'The Passage' Season 1 episode 2: The guilty pasts of Wolgast and Jonas Lear become the crux of the plot

Spoiler alert for 'The Passage' episode 2: 'You Owe Me a Unicorn'
FOX's 'The Passage', based on Justin Cronin's bestselling trilogy of the same name has done a brilliant job at bringing together some of the most sensational genres of our times, namely sci-fi, supernatural, and dystopia. Yet what has helped the show maintain a steady balance and now allow the plot to get overly sensationalized, is its slow paced and simplistic storytelling. At the same time, 'The Passage' has also introduced latent themes in individual episodes that emerge to be the crux sailing the particular episode though, and for the second one, they went along with the theme of guilt.
But first, here's a little explanation on the plot.

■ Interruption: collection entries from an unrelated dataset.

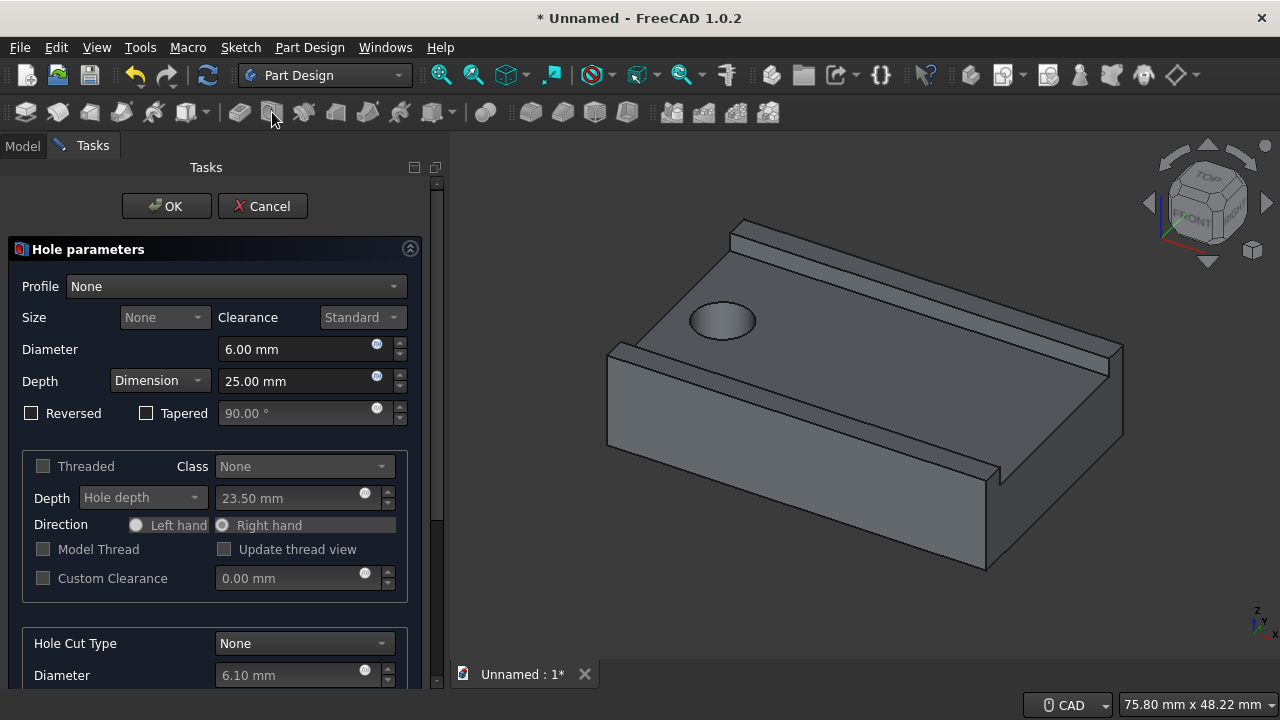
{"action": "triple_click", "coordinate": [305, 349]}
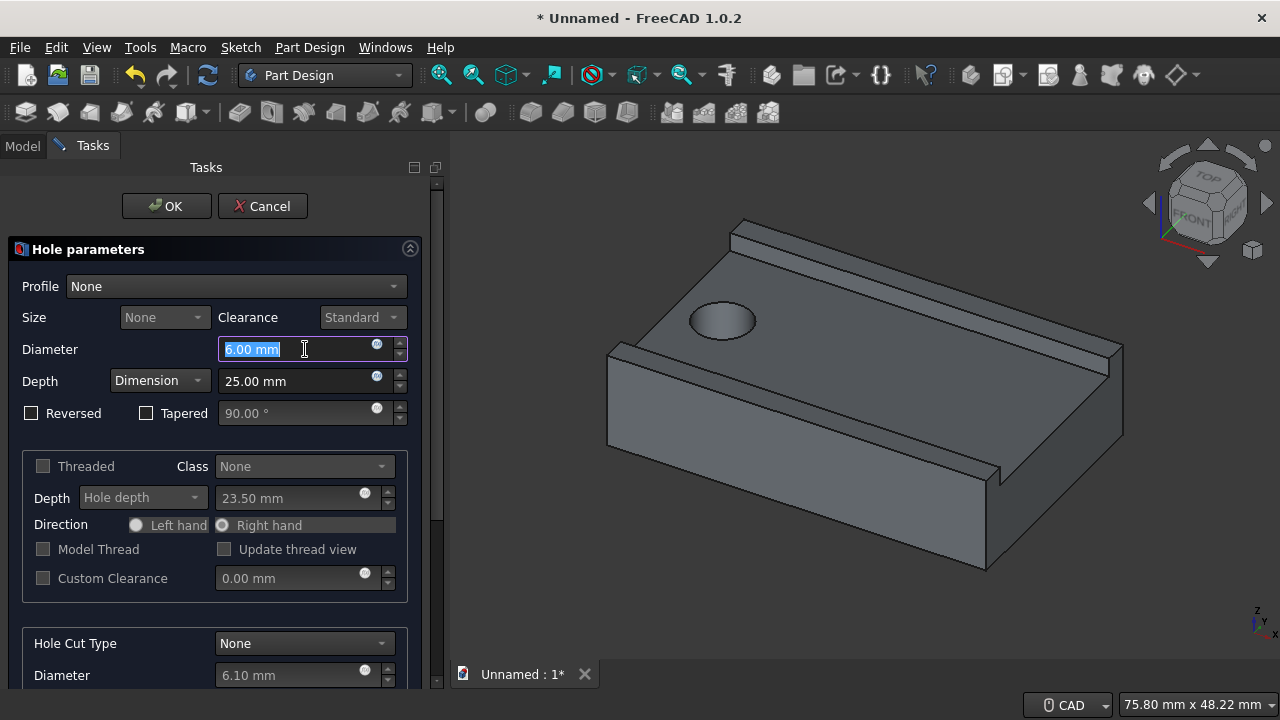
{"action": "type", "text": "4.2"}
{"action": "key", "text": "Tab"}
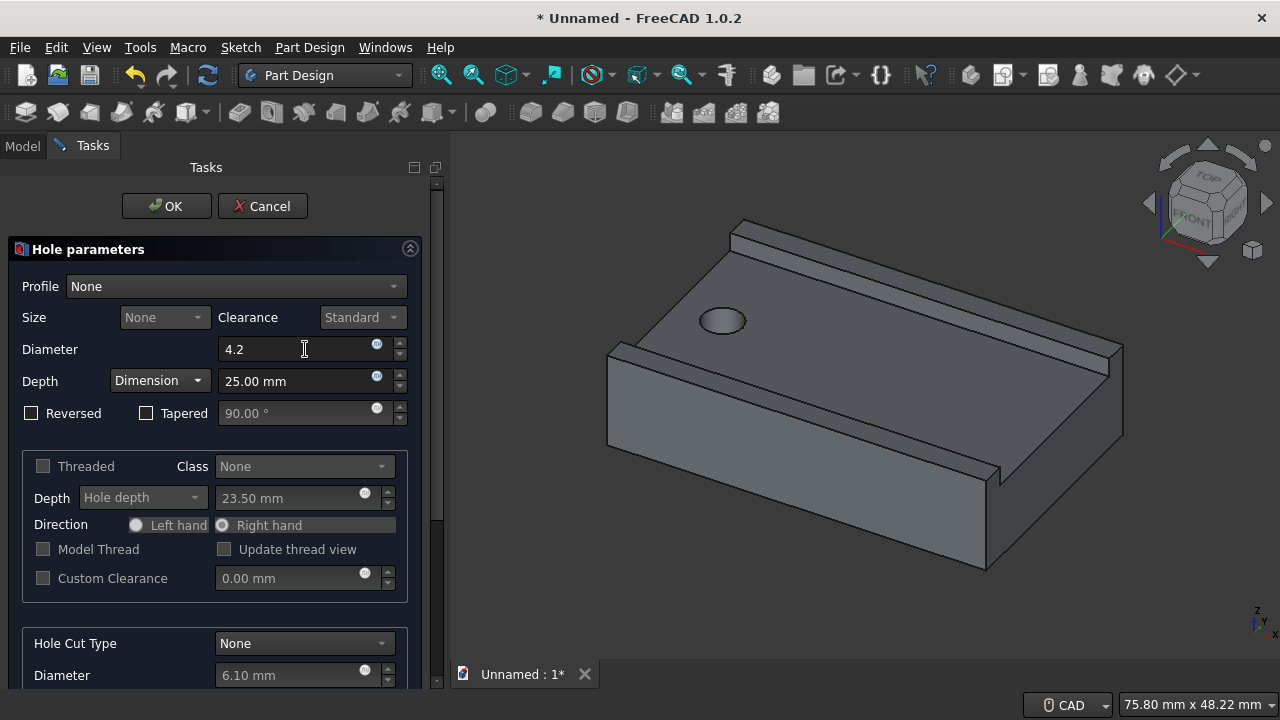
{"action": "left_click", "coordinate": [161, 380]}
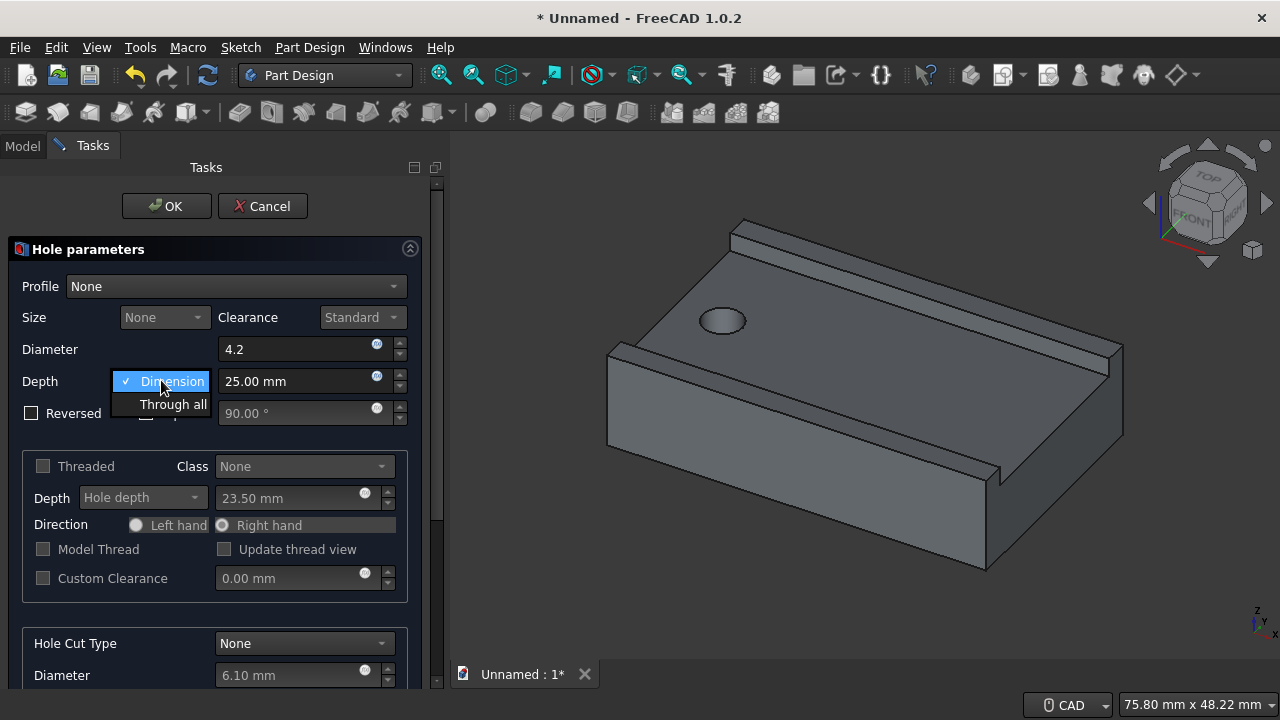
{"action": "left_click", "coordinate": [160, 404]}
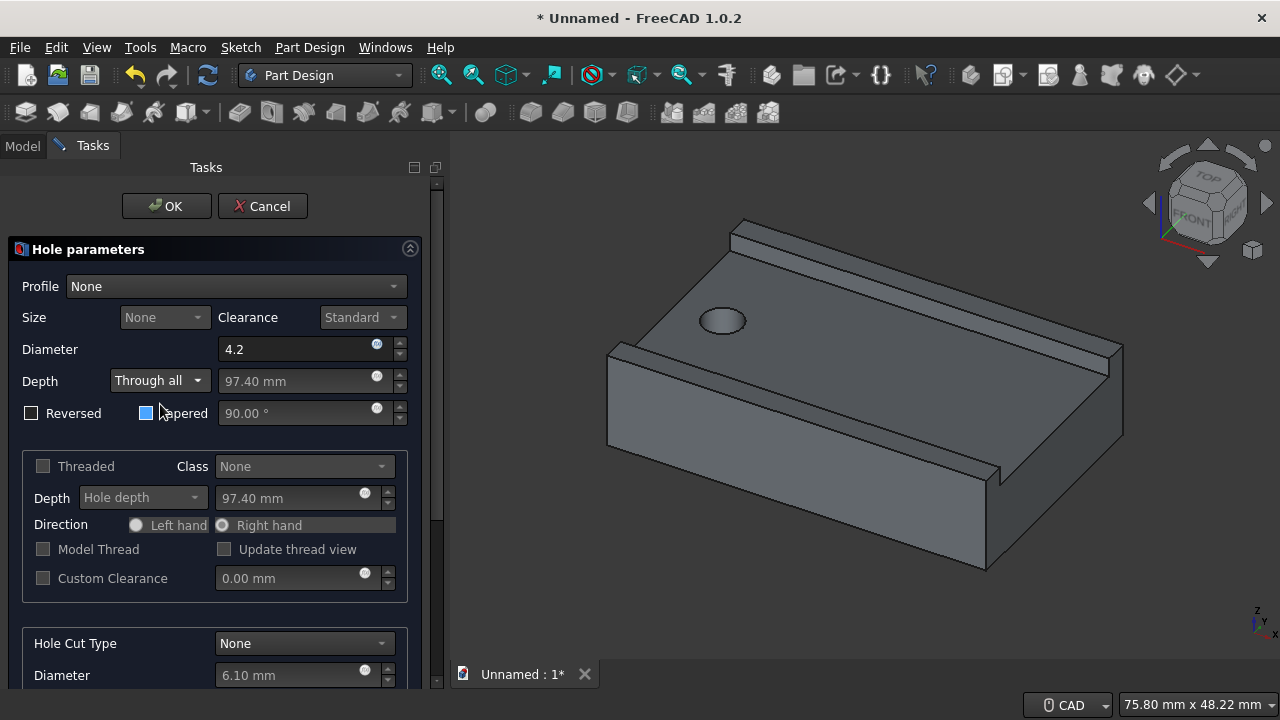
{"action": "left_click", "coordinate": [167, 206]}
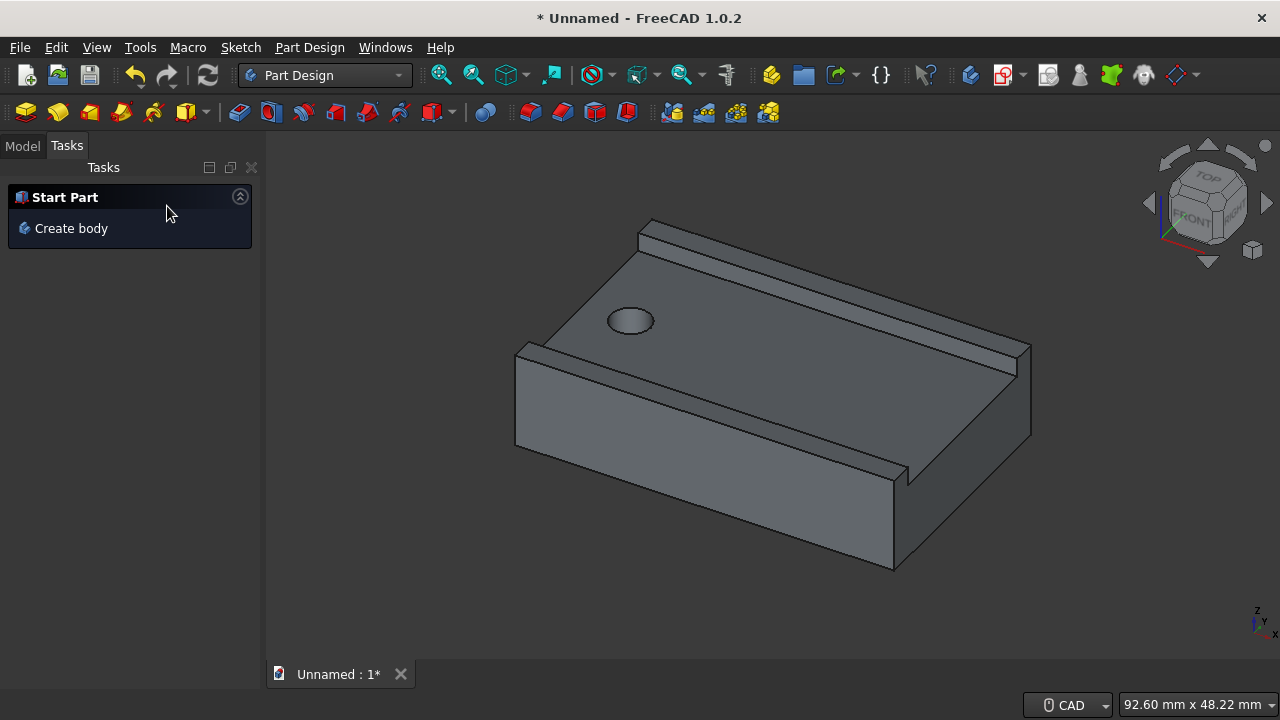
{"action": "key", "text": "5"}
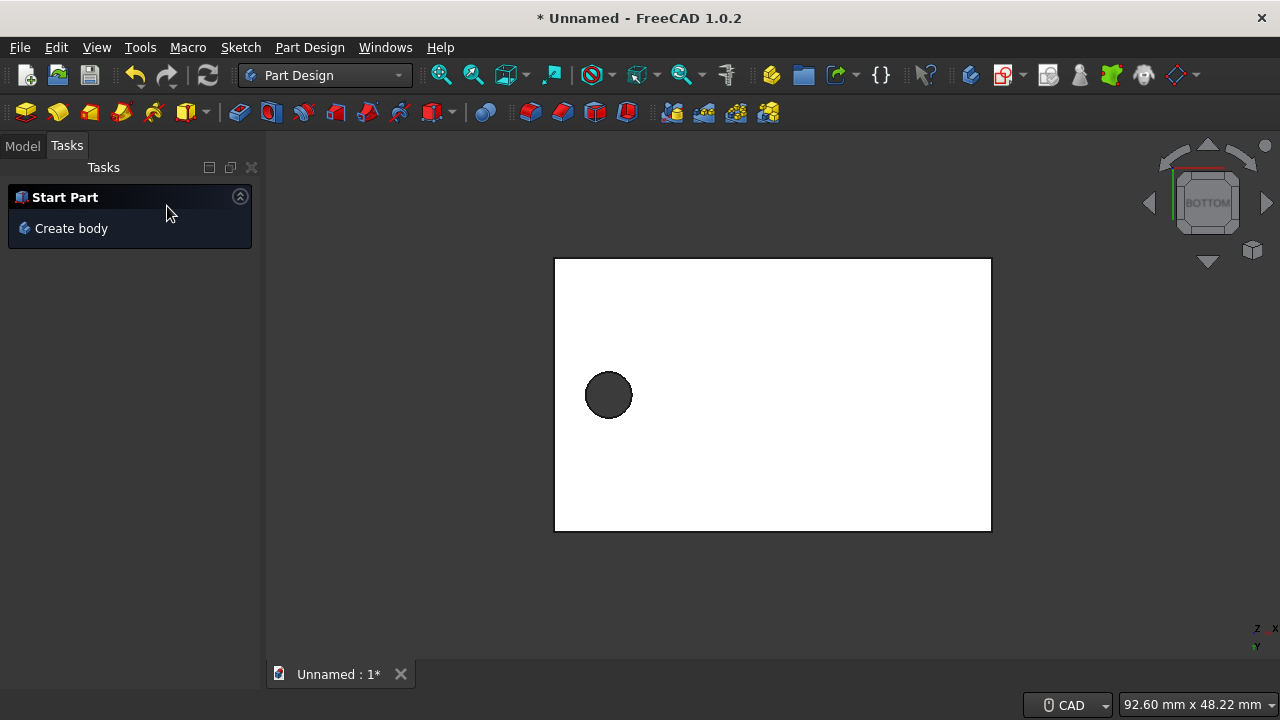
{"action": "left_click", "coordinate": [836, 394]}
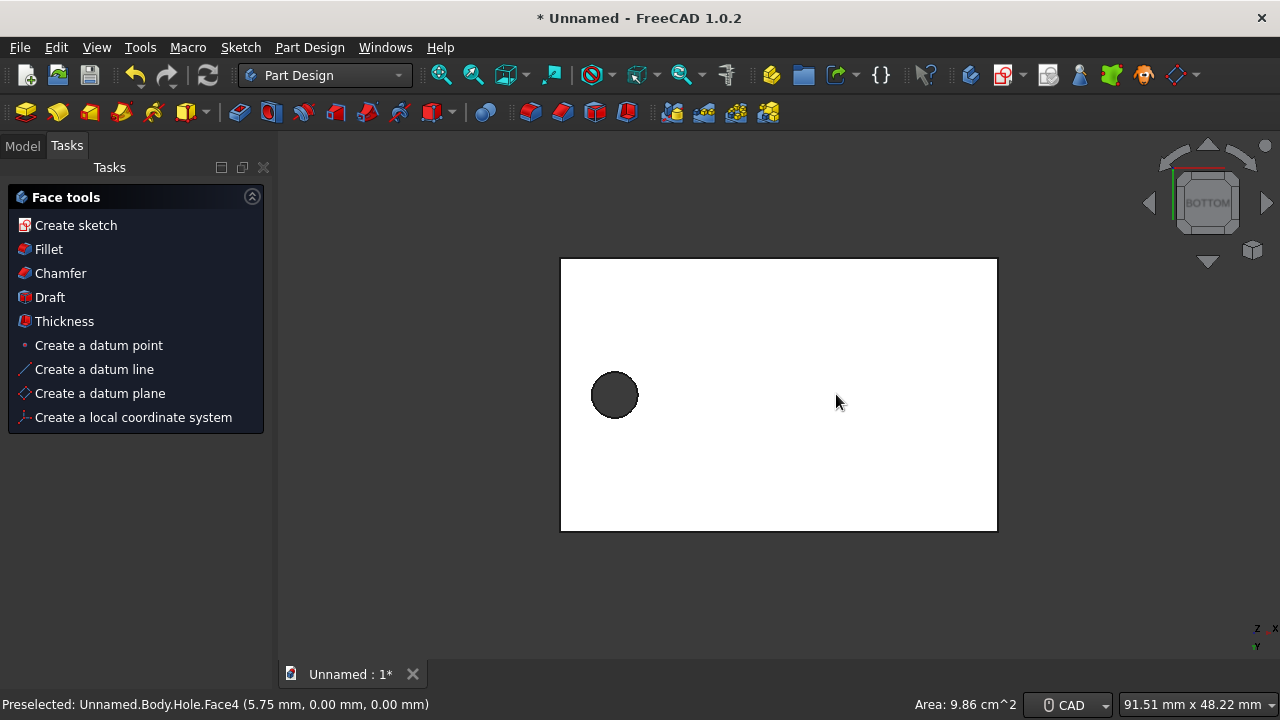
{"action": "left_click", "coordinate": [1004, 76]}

The official synopsis reads "'The Passage' is an epic, character‐driven thriller about a secret government medical facility experimenting with a dangerous virus that could either cure all disease or cause the downfall of the human race.
The series focuses on a 10‐year‐old girl named Amy Bellafonte (Saniyya Sidney), who is chosen to be a test subject for this experiment and Brad Wolgast (Gosselaar), the federal agent who becomes her surrogate father as he tries to protect her."
Brad's love for Amy was almost instantaneous. @MPG @SaniyyaSidneyy #ThePassage pic.twitter.com/EzBLmdPSSx
— The Passage (@ThePassageFOX) January 22, 2019
So far we have seen Wolgast being tasked with the responsibility of retrieving Amy for the medical trial, labeled as Project NOAH. The experiment pretty much infiltrates its subjects with a virus derived from a South American bat, which is also believed to be the source of the vampire legend. As the plot progresses, we are met with the dangerous impact the venom has on the subjects, which rather than offering a cure for humanity, turns them into blood-thirsty monsters with superhuman strengths.
This causes a change of heart in Wolgast and thus begins his journey to protect Amy — the most crucial element of the trial — as she is believed to possess 'the cure' for humanity.
As Wolgast and Amy go on the run, hiding from the project's authorities and seeking asylum as a means of survival, we realize that seeing Amy as an orphaned child subjected to the mercy of the merciless isn't the only driving force behind Wolgast's desire to protect her. A lot of what Wolgast does also comes from the fact that he lost his child which in turn ruined his marriage, presumably, and now he finally wants to do it right by Amy — probably to ease the personal guilty conscience he suffers from.
All of this is revealed through a flashback to Wolgast's past, and in a similar manner of infusing backstories in the show's narrative, the second episode also makes it clear why people at the top of Project NOAH — both Jonas Lear and Tim Fanning — are riddled with some moiety of guilt currently. The primary force of guilt driving the plot ahead has to be Lear's though because the character — played by Henry Ian Cusick — has been through quite the tragic past. Starting from his wife's Alzheimer's to getting involved in Project NOAH, things have just not been favorable to Jonas Lear.
His wife's condition led him to plan an exotic vacation as he believed that would help her with the Alzheimer's, to gather funds for which, he agrees to partner with his best friend, Fanning (Jamie McShane). As Lear looks back into the past in current time, that is after the subjects have been infected with the venom and have started turning, we see his guilt become the predominant essence of the episode. Chided by his own father-in-law, Lear just wanted to do something positive for his wife and find a cure to rid humanity of all diseases, which is why he indulged in Project NOAH in the first place. But despite his intentions being pure, the outcome of the project was anything but that.
In the show's current timeline, Lear is seen concerned about Fanning who tried saving a sick man/alpha vampire in the pilot and is now a vampire hybrid too. Fanning had always been a haughty, overly ambitious individual with big plans and an even bigger ego, as his backstory establishes. So to see such a powerful man crumble under the impact of the venom, and turn into a monster attempting to recruit other similarly 'turned' subjects into a mini-army strikes his best friend Lear's conscience even harder, thus helping his guilt-driven mindset become the only voice of reason on the episode.
'The Passage' returns with the third episode of its debut season on January 28 at 9 pm, only on FOX.